===== SUPPLIED ENTRIES =====
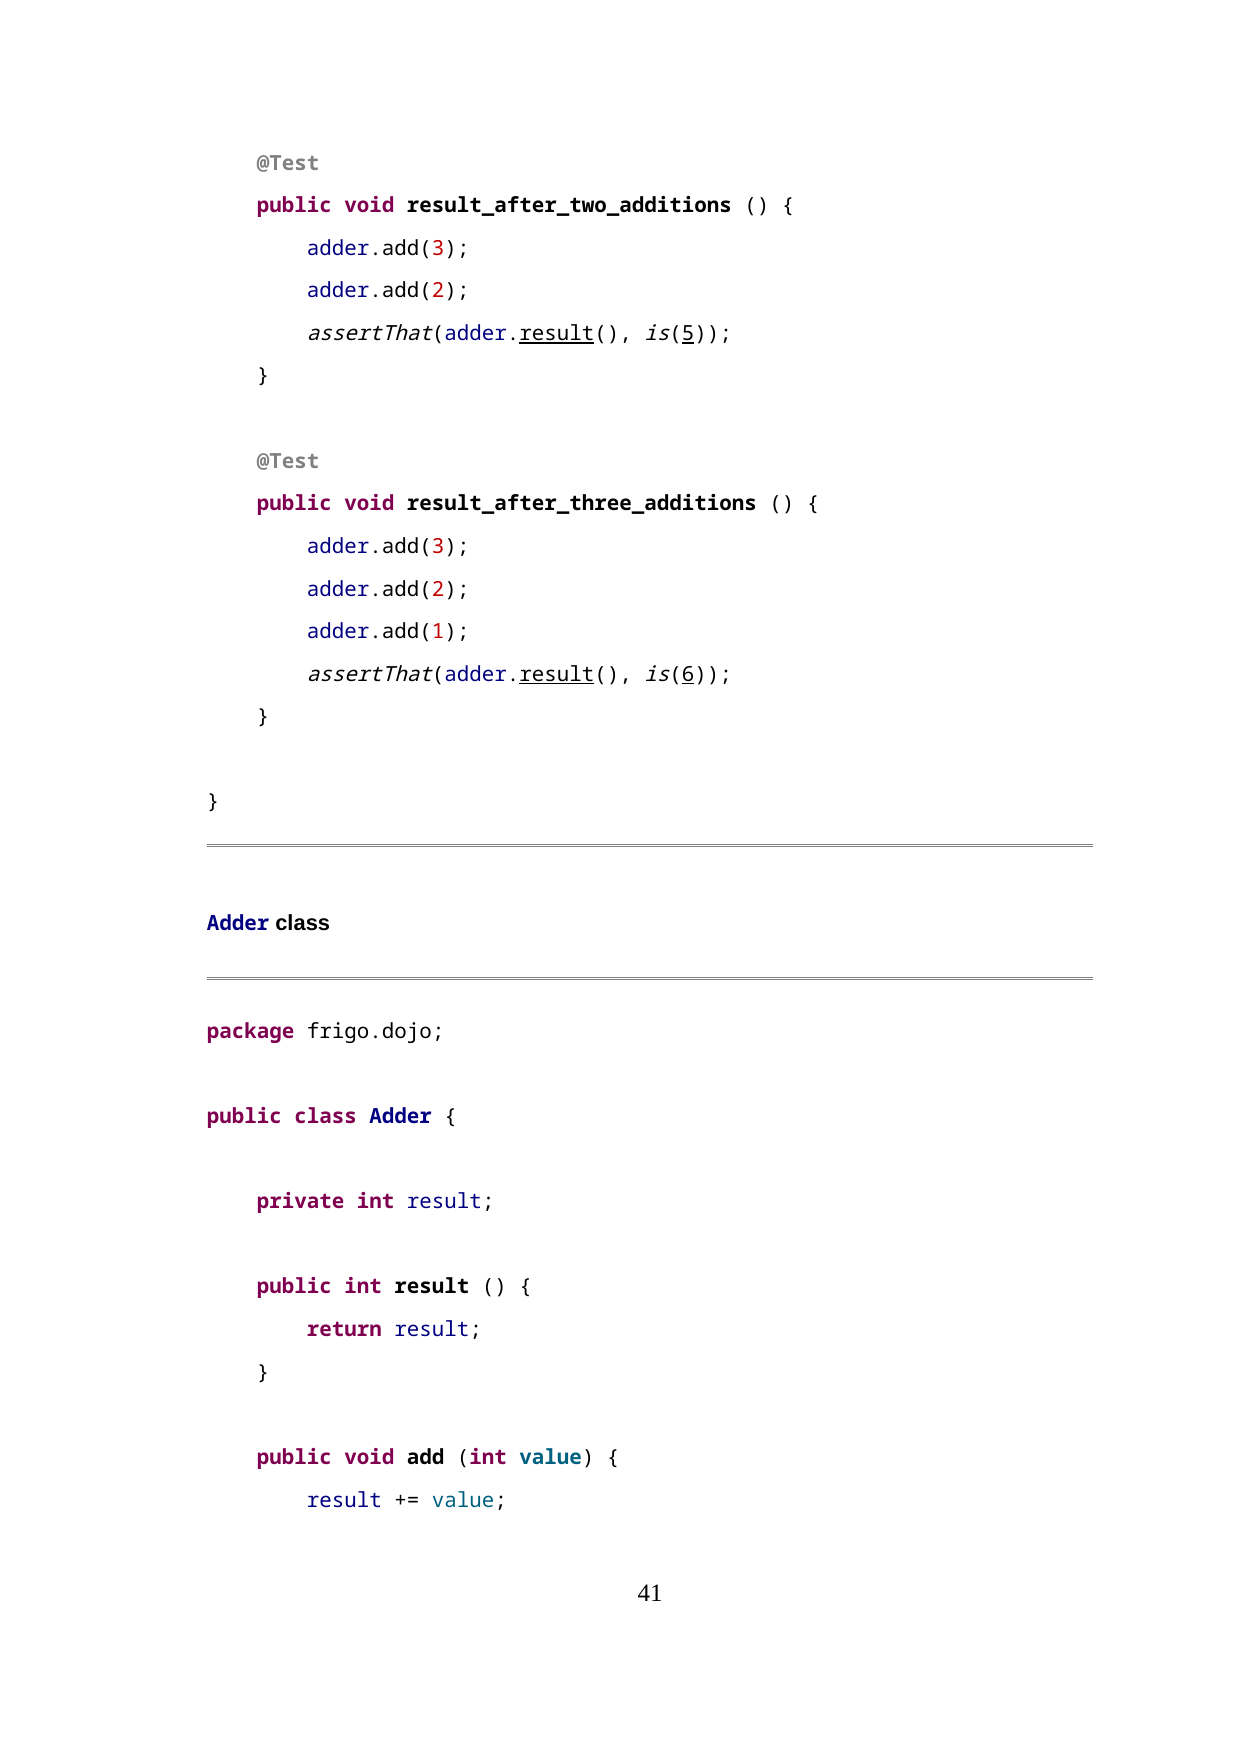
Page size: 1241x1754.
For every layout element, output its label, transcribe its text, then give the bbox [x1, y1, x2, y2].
=====
===== SUPPLIED ENTRIES =====
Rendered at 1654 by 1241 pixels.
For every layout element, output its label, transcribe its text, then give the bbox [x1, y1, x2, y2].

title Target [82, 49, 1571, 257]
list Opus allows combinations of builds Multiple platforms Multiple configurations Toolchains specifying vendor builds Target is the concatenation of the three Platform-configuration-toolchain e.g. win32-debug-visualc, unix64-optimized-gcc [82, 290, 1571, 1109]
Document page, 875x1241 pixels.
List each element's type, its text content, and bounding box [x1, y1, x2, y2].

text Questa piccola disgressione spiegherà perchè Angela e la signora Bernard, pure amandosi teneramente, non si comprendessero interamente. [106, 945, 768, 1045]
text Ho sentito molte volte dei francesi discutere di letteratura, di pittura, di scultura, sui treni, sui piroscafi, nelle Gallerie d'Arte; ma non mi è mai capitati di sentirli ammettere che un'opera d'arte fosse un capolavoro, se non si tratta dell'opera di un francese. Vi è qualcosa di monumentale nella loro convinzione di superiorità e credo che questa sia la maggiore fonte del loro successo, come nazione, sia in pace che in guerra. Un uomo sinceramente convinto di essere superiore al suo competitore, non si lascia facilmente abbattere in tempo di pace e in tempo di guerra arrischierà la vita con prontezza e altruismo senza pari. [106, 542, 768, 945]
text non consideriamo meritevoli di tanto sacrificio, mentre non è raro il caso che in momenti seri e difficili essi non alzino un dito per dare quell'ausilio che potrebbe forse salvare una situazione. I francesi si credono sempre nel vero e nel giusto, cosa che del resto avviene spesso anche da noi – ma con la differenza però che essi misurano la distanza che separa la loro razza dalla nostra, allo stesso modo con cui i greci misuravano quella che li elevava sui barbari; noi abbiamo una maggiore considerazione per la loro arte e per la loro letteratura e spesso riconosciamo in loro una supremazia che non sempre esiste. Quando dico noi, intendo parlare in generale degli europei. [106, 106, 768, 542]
=====
===== SUPPLIED ENTRIES =====
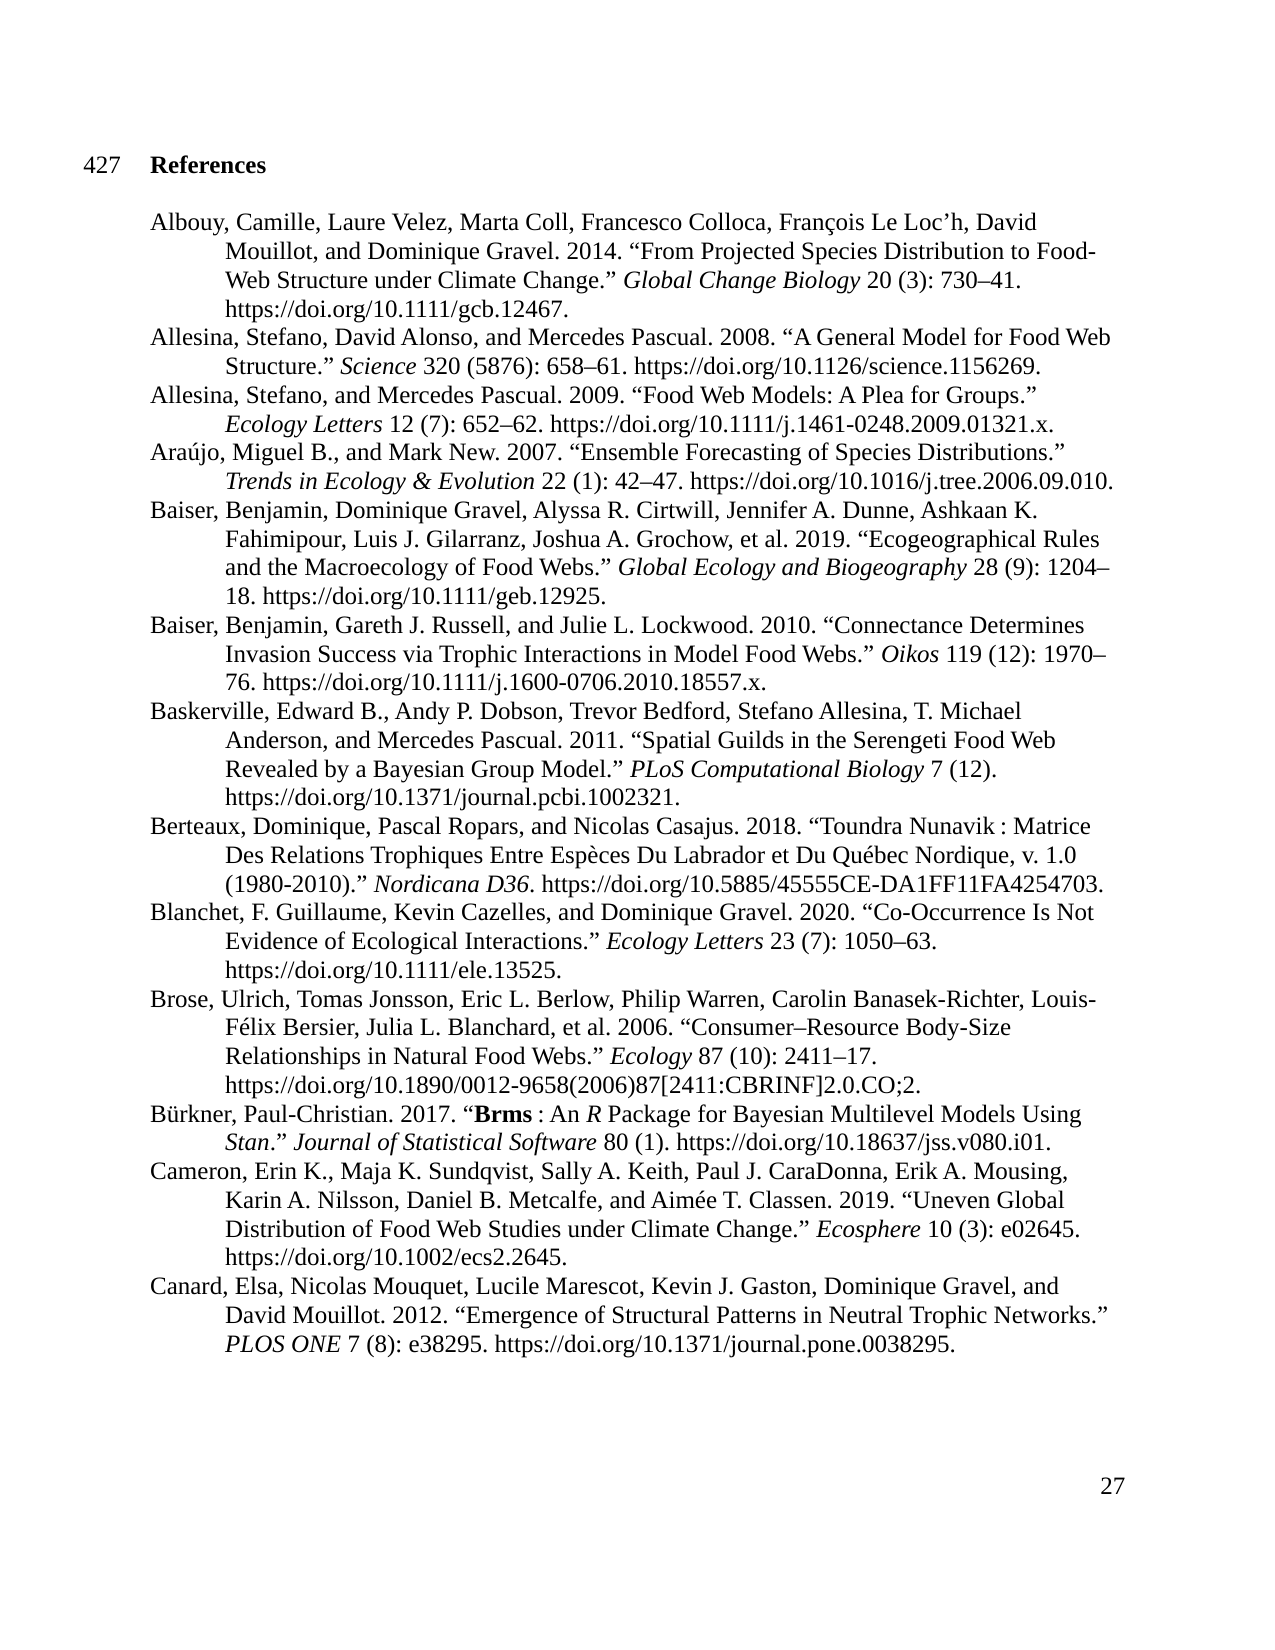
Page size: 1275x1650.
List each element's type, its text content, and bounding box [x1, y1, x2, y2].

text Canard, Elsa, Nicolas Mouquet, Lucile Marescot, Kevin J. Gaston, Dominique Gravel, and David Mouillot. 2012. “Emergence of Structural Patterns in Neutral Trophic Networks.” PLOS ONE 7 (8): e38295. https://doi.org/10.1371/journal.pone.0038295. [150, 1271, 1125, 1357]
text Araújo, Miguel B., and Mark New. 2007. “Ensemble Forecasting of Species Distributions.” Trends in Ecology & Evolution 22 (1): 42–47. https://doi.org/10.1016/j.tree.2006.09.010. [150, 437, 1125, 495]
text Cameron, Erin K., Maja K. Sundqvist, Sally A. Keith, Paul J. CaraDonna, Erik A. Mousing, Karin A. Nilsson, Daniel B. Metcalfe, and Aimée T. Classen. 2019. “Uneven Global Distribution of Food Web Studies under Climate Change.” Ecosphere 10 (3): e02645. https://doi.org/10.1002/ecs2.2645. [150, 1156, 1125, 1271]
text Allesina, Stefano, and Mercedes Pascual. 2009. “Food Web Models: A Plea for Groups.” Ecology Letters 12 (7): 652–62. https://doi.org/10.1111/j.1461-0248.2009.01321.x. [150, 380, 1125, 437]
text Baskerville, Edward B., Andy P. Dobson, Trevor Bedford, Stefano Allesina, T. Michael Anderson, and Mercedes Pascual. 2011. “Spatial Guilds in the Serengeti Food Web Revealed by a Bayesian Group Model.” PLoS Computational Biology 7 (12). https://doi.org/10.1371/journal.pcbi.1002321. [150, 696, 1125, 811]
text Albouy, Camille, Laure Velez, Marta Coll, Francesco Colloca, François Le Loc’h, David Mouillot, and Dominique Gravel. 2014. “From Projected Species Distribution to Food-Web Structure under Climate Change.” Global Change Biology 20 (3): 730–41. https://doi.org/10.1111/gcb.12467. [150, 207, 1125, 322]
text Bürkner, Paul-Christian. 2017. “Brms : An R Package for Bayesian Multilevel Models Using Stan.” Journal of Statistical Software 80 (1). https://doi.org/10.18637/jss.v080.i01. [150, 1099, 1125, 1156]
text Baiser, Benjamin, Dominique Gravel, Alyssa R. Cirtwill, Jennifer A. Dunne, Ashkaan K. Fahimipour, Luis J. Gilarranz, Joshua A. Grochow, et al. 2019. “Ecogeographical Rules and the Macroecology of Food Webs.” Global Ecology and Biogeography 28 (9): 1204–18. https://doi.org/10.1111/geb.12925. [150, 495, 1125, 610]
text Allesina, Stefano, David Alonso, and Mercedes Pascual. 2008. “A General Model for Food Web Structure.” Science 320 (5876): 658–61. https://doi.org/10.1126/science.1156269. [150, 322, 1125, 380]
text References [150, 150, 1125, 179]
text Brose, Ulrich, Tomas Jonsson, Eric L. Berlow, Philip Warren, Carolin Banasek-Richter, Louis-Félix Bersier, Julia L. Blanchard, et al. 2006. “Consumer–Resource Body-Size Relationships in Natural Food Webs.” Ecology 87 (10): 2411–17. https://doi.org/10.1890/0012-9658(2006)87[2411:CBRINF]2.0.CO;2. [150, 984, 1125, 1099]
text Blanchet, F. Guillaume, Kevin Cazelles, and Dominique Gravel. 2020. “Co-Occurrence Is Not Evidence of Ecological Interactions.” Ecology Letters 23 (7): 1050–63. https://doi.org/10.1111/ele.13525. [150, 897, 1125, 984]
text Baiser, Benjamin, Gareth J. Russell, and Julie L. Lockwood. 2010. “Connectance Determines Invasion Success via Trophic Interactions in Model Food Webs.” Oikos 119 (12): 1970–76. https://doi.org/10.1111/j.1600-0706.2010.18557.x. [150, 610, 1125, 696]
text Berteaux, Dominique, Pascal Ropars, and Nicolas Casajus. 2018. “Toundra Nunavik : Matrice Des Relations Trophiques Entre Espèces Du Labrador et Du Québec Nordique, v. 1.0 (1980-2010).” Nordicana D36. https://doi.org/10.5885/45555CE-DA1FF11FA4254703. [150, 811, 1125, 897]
=====
WORK INSTRUCTION:
Of the lines above, retype only those from the line containing "Rendered at 1654 by 1241 pixels." through the line containing "Document page, 875x1241 pixels.", including both, exactly.

TASK RESULT:
Rendered at 1654 by 1241 pixels.
For every layout element, output its label, transcribe its text, then give the bbox [x1, y1, x2, y2].

title Target [82, 49, 1571, 257]
list Opus allows combinations of builds Multiple platforms Multiple configurations Toolchains specifying vendor builds Target is the concatenation of the three Platform-configuration-toolchain e.g. win32-debug-visualc, unix64-optimized-gcc [82, 290, 1571, 1109]
Document page, 875x1241 pixels.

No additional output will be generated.